L’Observatoire de la Liberté de la Presse en Afrique (OLPA) monte au créneau. L’ONG de défense et de promotion de la liberté de la presse dénonce avec la plus grande fermeté l’agression sauvage dont a été victime David-Gaston Mukendi, journaliste du média en ligne Kis24.info, le 8 octobre 2025 à Kisangani, chef-lieu de la province de la Tshopo.

Selon les témoignages recueillis, le journaliste a été attaqué devant le bureau du gouverneur alors qu’il couvrait un rassemblement pacifique organisé par des activistes de la société civile réclamant la libération de Jedidia Mabela, militant du mouvement citoyen LUCHA, condamné à six mois de prison par le Tribunal de paix de Kisangani/Makiso.

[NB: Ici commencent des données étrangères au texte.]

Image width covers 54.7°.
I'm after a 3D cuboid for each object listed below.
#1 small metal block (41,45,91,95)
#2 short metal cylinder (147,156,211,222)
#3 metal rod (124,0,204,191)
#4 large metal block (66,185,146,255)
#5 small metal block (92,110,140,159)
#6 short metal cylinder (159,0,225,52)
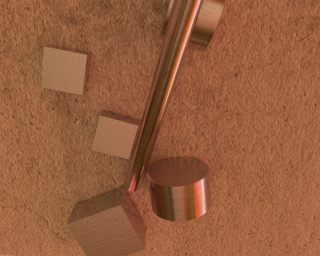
[{"bbox_3d":[-0.115,-0.072,0.382,0.050,0.025,0.050,10,110,-4],"label":"small metal block"},{"bbox_3d":[0.026,0.078,0.409,0.080,0.080,0.050,-6,110,2],"label":"short metal cylinder"},{"bbox_3d":[-0.002,-0.030,0.348,0.025,0.025,0.298,14,129,-5],"label":"metal rod"},{"bbox_3d":[-0.073,0.141,0.448,0.080,0.050,0.080,-22,109,7],"label":"large metal block"},{"bbox_3d":[-0.059,0.009,0.412,0.050,0.025,0.050,15,109,-6],"label":"small metal block"},{"bbox_3d":[0.034,-0.128,0.334,0.050,0.080,0.079,16,109,-6],"label":"short metal cylinder"}]

Des individus non autrement identifiés se sont rués sur lui, le rouant de coups, avant de lui arracher son téléphone et son trépied-caméra. L’un des agresseurs aurait été reconnu comme un employé du gouvernorat, ce qui rend l’affaire encore plus préoccupante.

Pour OLPA, il ne s’agit pas d’un simple incident mais d’une atteinte grave et inacceptable au droit d’informer et d’être informé, droit pourtant garanti tant par la législation congolaise que par les instruments juridiques internationaux relatifs aux droits humains.

« Rien ne peut justifier une telle barbarie contre un professionnel des médias en plein exercice de sa mission. C’est une attaque frontale contre la liberté de la presse », s’indigne OLPA dans sa déclaration.

Face à ce qu’elle qualifie de dérive dangereuse, l’organisation exige : l’ouverture immédiate d’une enquête indépendante pour identifier et sanctionner les auteurs de cette agression ; la restitution sans condition du matériel de travail confisqué et le respect scrupuleux de la liberté de la presse et de l’intégrité physique des journalistes sur toute l’étendue du territoire national.

OLPA rappelle que la presse n’est pas un ennemi mais un pilier de la démocratie et de l’État de droit. À Kisangani comme ailleurs en République démocratique du Congo, les journalistes doivent pouvoir travailler sans craindre pour leur sécurité.